My friend, she’s in the video, like, trying to break it up and she told me she got hit by a table and her ankle got bruised up pretty bad. There was [sic] two parties in line waiting for steaks, somebody had cut in front and then started being picky and finicky about the steaks and taking too long. And then somebody else spoke up and said something I guess the other party didn’t like, and it looks like it turned into an all-out brawl.

Okay . . . black people . . . being picky and finicky and a generally rude pain in the ass to service workers. Anyone who’s ever worked in a service-industry job can believe that. When I drove a cab in Philly, even the black cabbies bitched about their black customers. And anyone who’s ever worked as a restaurant server knows why you paint a canoe black: so it doesn’t tip [14].

Gaven Lauletta, who posted the brawl video [15] to his Facebook account, echoes the supply-chain theory:

There was a shortage of steak and two parties were involved and one family cut in front of another family. They were taking their time and they ran out of steak and it got into a heated exchange at the tables.

Subverting the “supply chain” thesis, though, is Alexis Rios [16], an amiable Hispanic who claims to have not only been engaged in the brawl — he says it all erupted after he received his rare steak before someone ahead of him in line got their well-done steak:

[The cook was] trying to understand what you want and give you what you want. I had a rare steak, which is a lot faster to cook than a well-done steak. That’s why I got my steak first. . . . With COVID right now, masks and everything, nobody can hear nobody sometimes. . . . I grab a chair to defend myself, and then sooner or later that was it. Punches were getting thrown. Chairs were getting thrown. . . . Nobody was on the ground. Nobody got hurt. I got a bruise on my nose. My brother got a black eye. My brother got a lifted nail. That was it.

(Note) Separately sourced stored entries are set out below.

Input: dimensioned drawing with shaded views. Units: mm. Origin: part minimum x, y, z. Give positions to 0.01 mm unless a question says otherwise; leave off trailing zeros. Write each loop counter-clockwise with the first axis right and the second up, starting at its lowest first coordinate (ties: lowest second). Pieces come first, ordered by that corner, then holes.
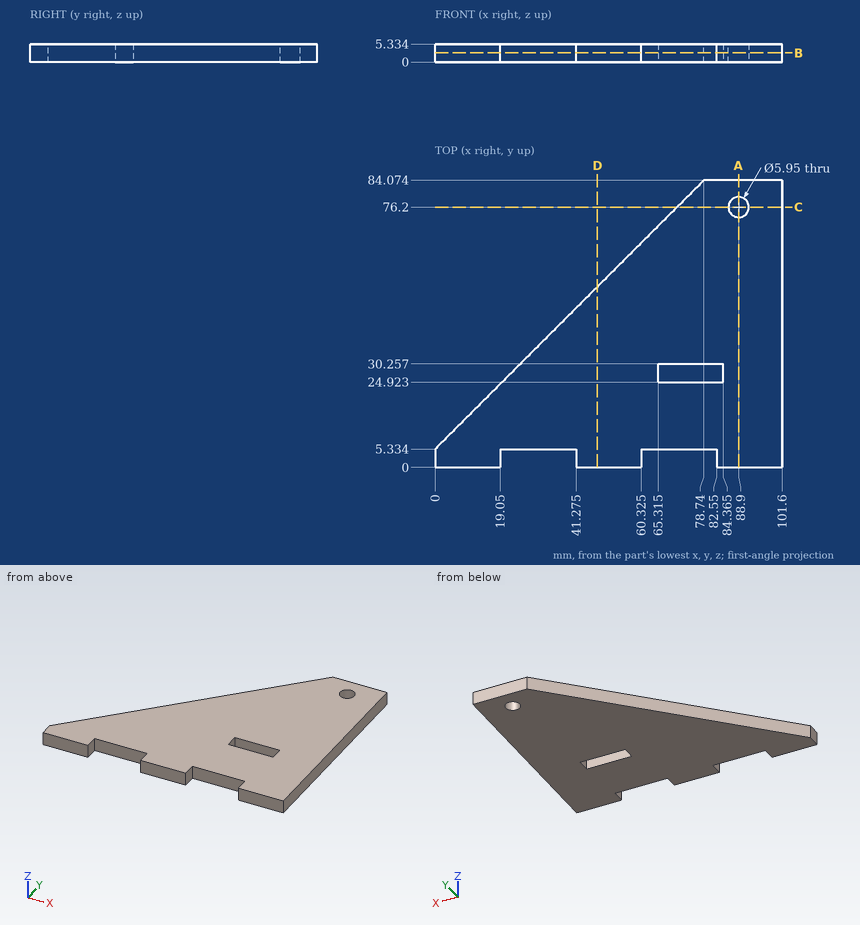
1. Line query: L1, parallel to Y at x = 88.9, z = 4.1 (1 decimal); L2, parallel to X at y = 27, z = 1.15 (1 decimal); L3, parallel to Y at x = 70, z = 4.5 (1 decimal). Output: solid intervals per line, ascending.
2. Contact query for flat-ended pins moving along their axis: P1, Ø1.5, axis at x = 51.5, z = 1.5, coming from the +Y side (1 decimal); P2, Ø2.5, axis at x = 29, z = 3, coming from the -Y side; P3, Ø1, axis at x = 39, z = 4.5, coming from the +Y side (1 decimal). Output: stop coordinate, or through.
3. Cut plane B-B, the plane z = 2.75. State how many separate pieces and enclosed holes the cut face has, then the cut area to 3 significant figures.
4. Cut plane A-A, the plane x = 88.9. Return the cut outline in (y, z) (1 decimal), then the cut area to 3 significant figures.
5. Cut plane D-D, the plane x = 47.5. Return the cut outline in (y, z), then the cut area to 3 significant figures.
6. Cut plane C-C, the plane y = 76.2. Return the cut outline in (x, z) (1 decimal).
Response values:
1. L1: y = 0 to 73.2, 79.2 to 84.1
1. L2: x = 21.7 to 65.3, 84.4 to 101.6
1. L3: y = 5.3 to 24.9, 30.3 to 75.3
2. P1: stops at y = 57.6
2. P2: stops at y = 5.33
2. P3: stops at y = 44.8
3. separate pieces: 1
3. enclosed holes: 2
3. area: 5,080 mm2
4. outline: (0, 0) - (73.2, 0) - (73.2, 5.3) - (0, 5.3) - close; (79.2, 0) - (84.1, 0) - (84.1, 5.3) - (79.2, 5.3) - close
4. area: 417 mm2
5. outline: (0, 0) - (52.83, 0) - (52.83, 5.33) - (0, 5.33) - close
5. area: 282 mm2
6. outline: (70.9, 0) - (85.9, 0) - (85.9, 5.3) - (70.9, 5.3) - close; (91.9, 0) - (101.6, 0) - (101.6, 5.3) - (91.9, 5.3) - close

So there was someone ahead of Rios in line who’d ordered a well-done steak but was still waiting for it after Rios received his steak bloody. I have no evidence that this person with time-comprehension issues was black, but I doubt a restaurant filled with black people would have started throwing fists and tossing chairs on behalf of a white person. At the beginning of the video, one can clearly hear a very loud black woman — she seems to be in all of these videos — screaming at someone, which I’ll presume was Alexis Rios. You can also hear the obligatory black man — he seems to be in every one of these videos, too — chuckling and saying, “Oh, shit!” as he gleefully witnesses the violence but fails to intervene.

Until better evidence comes in, I’m going to speculate that this food fight started because a black person felt he was experiencing racial discrimination when a non-brutha received his steak first.

And to be fair to blacks — it’s all I ever try to do — they didn’t need COVID or lockdowns or supply-chain issues to tear the living shit out of a Denny’s in East Oakland [17] a few years ago. Nearly every time you hear of violence at a Waffle House [18], aggressive negritude is involved. The website World Star Hip Hop [19] exists to sate a peculiar black thirst for getting violent in public, filming it, and posting it for all the world to see.

Sometimes a cigar is just a cigar, and sometimes stupid people are just stupid people. At first, I was looking for more profound reasons to explain this sudden explosion of mass violence: supply-chain problems, collective PTSD, and endemic cultural pessimism. I now realize, and I confess before the world, that I once again erred by giving people the benefit of the doubt.

The only positive thing I can take away from this video is that it was refreshing to see fat people exercising.